Neutrality + dullness.
Nirāmisa vedanā (“without flesh” / unworldly)
Feeling known clearly without defilement.
Example:
Pain is just pressure, heat, vibration.
Pleasure is just pleasantness.
Neutrality is just subtle sensation.
This is where liberation begins.
6. The deconstruction of “body”
A strong vipassanā insight in this article:
What is “head”?
Conventionally:
head.
Phenomenologically:
pressure
warmth
tingling
movement
pulsing
The label “head” is perception (saññā).
The raw data is sensation.
This aligns with the five aggregates (pañcakkhandha):
form
feeling
perception
formations
consciousness
Phenomenology would describe this as pre-conceptual observation.
Buddhism goes further by linking this to non-self.

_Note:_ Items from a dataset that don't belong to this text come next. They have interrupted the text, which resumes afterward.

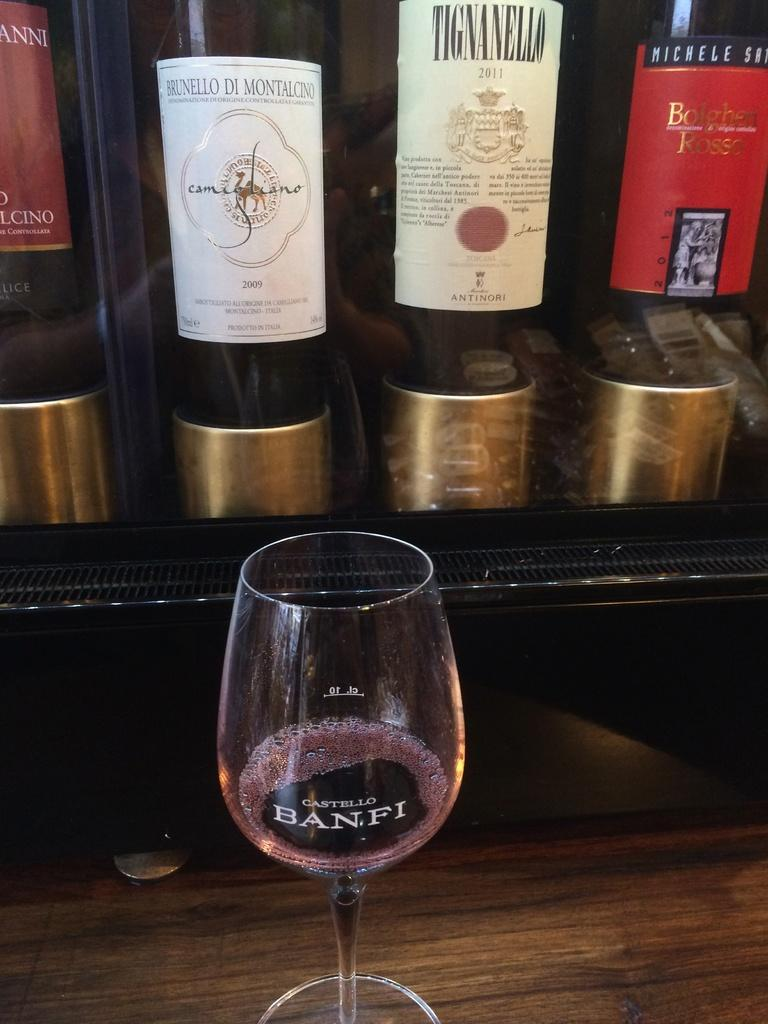<image>
Present a compact description of the photo's key features. A Castello Banfi glass with several bottles behind it. 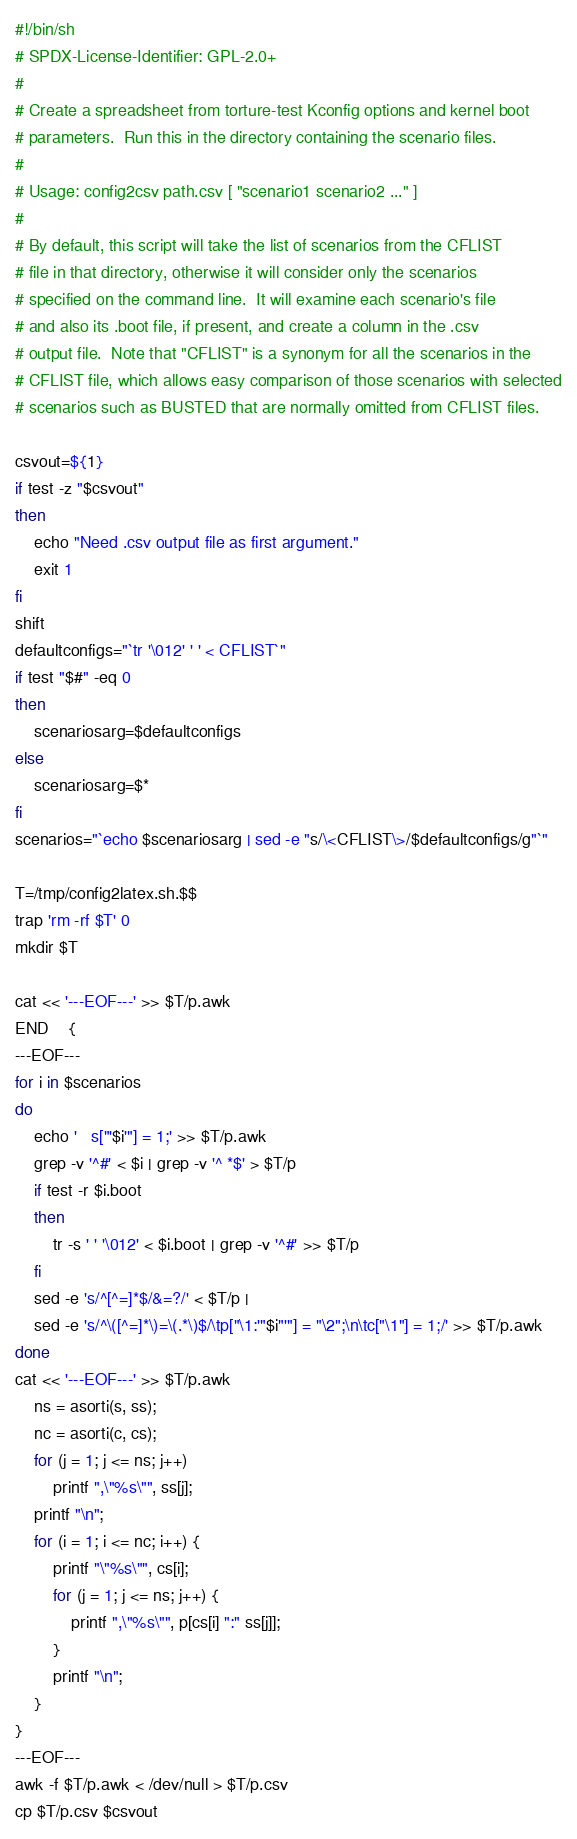<code> <loc_0><loc_0><loc_500><loc_500><_Bash_>#!/bin/sh
# SPDX-License-Identifier: GPL-2.0+
#
# Create a spreadsheet from torture-test Kconfig options and kernel boot
# parameters.  Run this in the directory containing the scenario files.
#
# Usage: config2csv path.csv [ "scenario1 scenario2 ..." ]
#
# By default, this script will take the list of scenarios from the CFLIST
# file in that directory, otherwise it will consider only the scenarios
# specified on the command line.  It will examine each scenario's file
# and also its .boot file, if present, and create a column in the .csv
# output file.  Note that "CFLIST" is a synonym for all the scenarios in the
# CFLIST file, which allows easy comparison of those scenarios with selected
# scenarios such as BUSTED that are normally omitted from CFLIST files.

csvout=${1}
if test -z "$csvout"
then
	echo "Need .csv output file as first argument."
	exit 1
fi
shift
defaultconfigs="`tr '\012' ' ' < CFLIST`"
if test "$#" -eq 0
then
	scenariosarg=$defaultconfigs
else
	scenariosarg=$*
fi
scenarios="`echo $scenariosarg | sed -e "s/\<CFLIST\>/$defaultconfigs/g"`"

T=/tmp/config2latex.sh.$$
trap 'rm -rf $T' 0
mkdir $T

cat << '---EOF---' >> $T/p.awk
END	{
---EOF---
for i in $scenarios
do
	echo '	s["'$i'"] = 1;' >> $T/p.awk
	grep -v '^#' < $i | grep -v '^ *$' > $T/p
	if test -r $i.boot
	then
		tr -s ' ' '\012' < $i.boot | grep -v '^#' >> $T/p
	fi
	sed -e 's/^[^=]*$/&=?/' < $T/p |
	sed -e 's/^\([^=]*\)=\(.*\)$/\tp["\1:'"$i"'"] = "\2";\n\tc["\1"] = 1;/' >> $T/p.awk
done
cat << '---EOF---' >> $T/p.awk
	ns = asorti(s, ss);
	nc = asorti(c, cs);
	for (j = 1; j <= ns; j++)
		printf ",\"%s\"", ss[j];
	printf "\n";
	for (i = 1; i <= nc; i++) {
		printf "\"%s\"", cs[i];
		for (j = 1; j <= ns; j++) {
			printf ",\"%s\"", p[cs[i] ":" ss[j]];
		}
		printf "\n";
	}
}
---EOF---
awk -f $T/p.awk < /dev/null > $T/p.csv
cp $T/p.csv $csvout
</code> 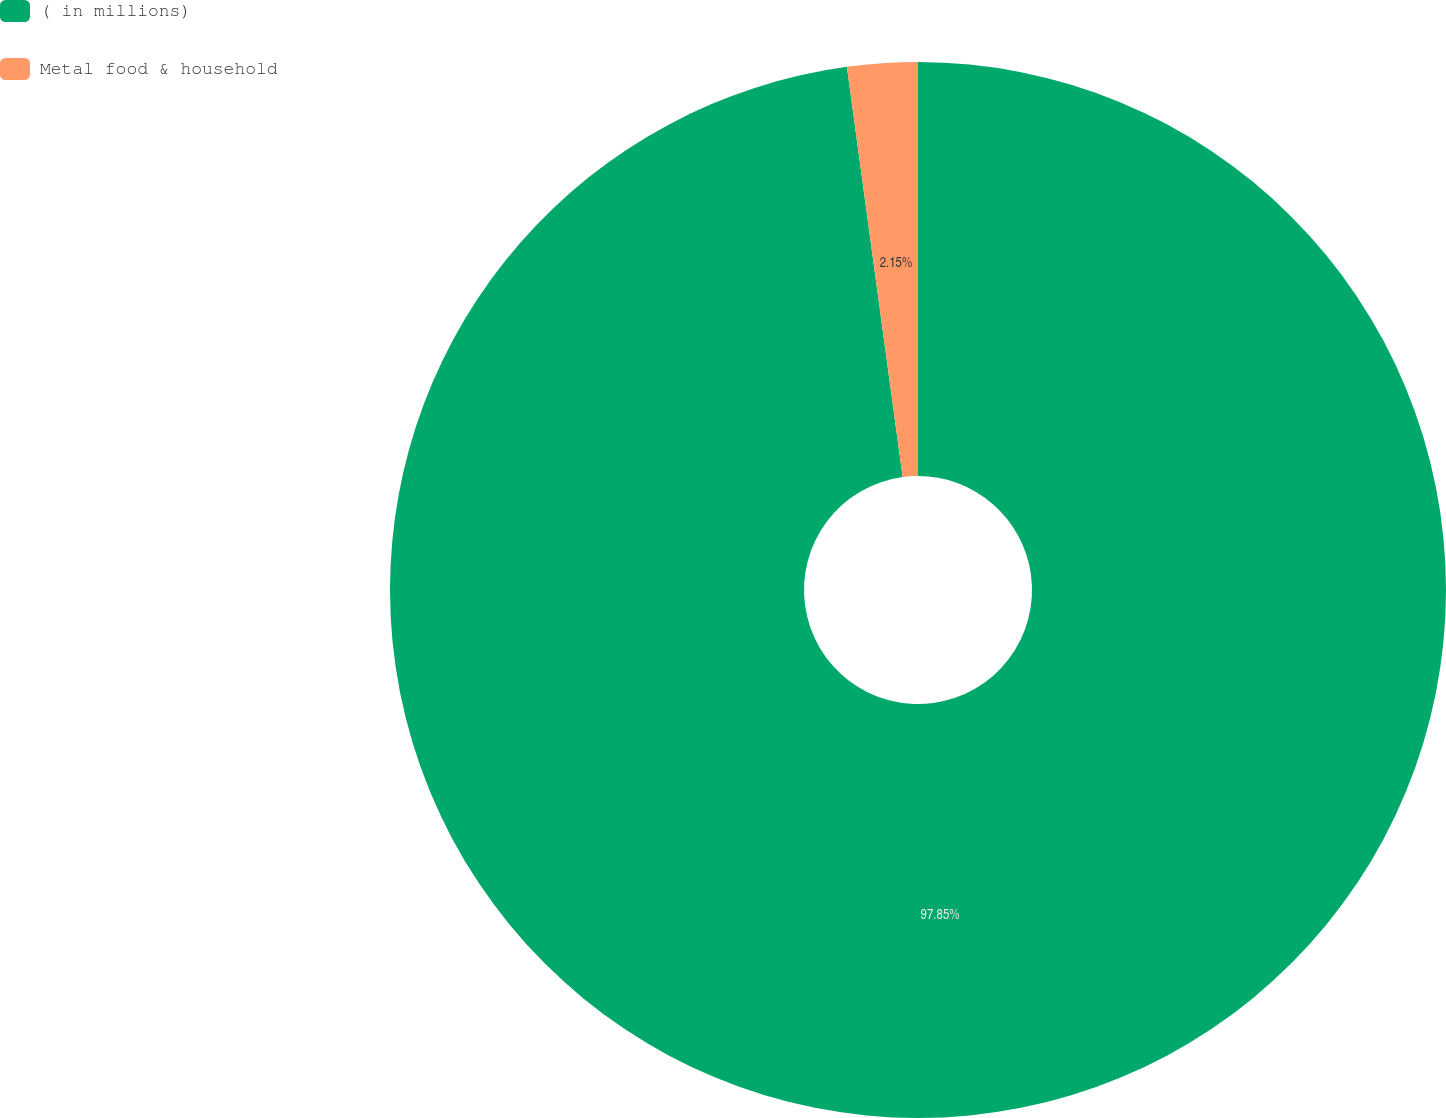Convert chart to OTSL. <chart><loc_0><loc_0><loc_500><loc_500><pie_chart><fcel>( in millions)<fcel>Metal food & household<nl><fcel>97.85%<fcel>2.15%<nl></chart>

7. Strong point: the middle way
The article correctly rejects two extremes:
Indulgence:
“Feed the craving.”
Result:
temporary relief, continued bondage.
Suppression:
“Force it away.”
Result:
latent craving remains.
The Buddha’s middle way:
Observe.
Understand.
Do not identify.
Do not react.
This is the core of vipassanā.
8. One place needing doctrinal correction
The article says:
“The Buddha says there are five types of attachment: rūpa upādāna, vedanā upādāna…”
This is not standard.
The Buddha classically teaches four upādānas:
kāmupādāna (sensual clinging)
diṭṭhupādāna (views)
sīlabbatupādāna (rites/rituals)
attavādupādāna (self-doctrine)
The five listed in the article resemble the five aggregates subject to clinging (pañcupādānakkhandhā), not five types of clinging.
Important distinction.
9. The meditation method itself
In practice:
Sit.
Observe:
heat
pressure
tingling
throbbing
numbness
subtle vibration
When pleasant sensation appears:
know “pleasant.”
When unpleasant appears:
know “unpleasant.”
When neutral appears:
know “neutral.”
Do not:
chase
suppress
narrate
personalize
This is vedanāsu vedanānupassī.
10. Why this matters for liberation
Because feeling is the gateway.
Ordinary chain:
contact → feeling → craving → clinging → becoming → suffering
Liberative chain:
contact → feeling → mindfulness → wisdom → non-craving → release
That’s the transformation.
This is why the Buddha placed such emphasis on direct observation.
As Gautama Buddha repeatedly taught:
Not by controlling the world,
but by understanding experience.
And feeling is where that understanding becomes immediate.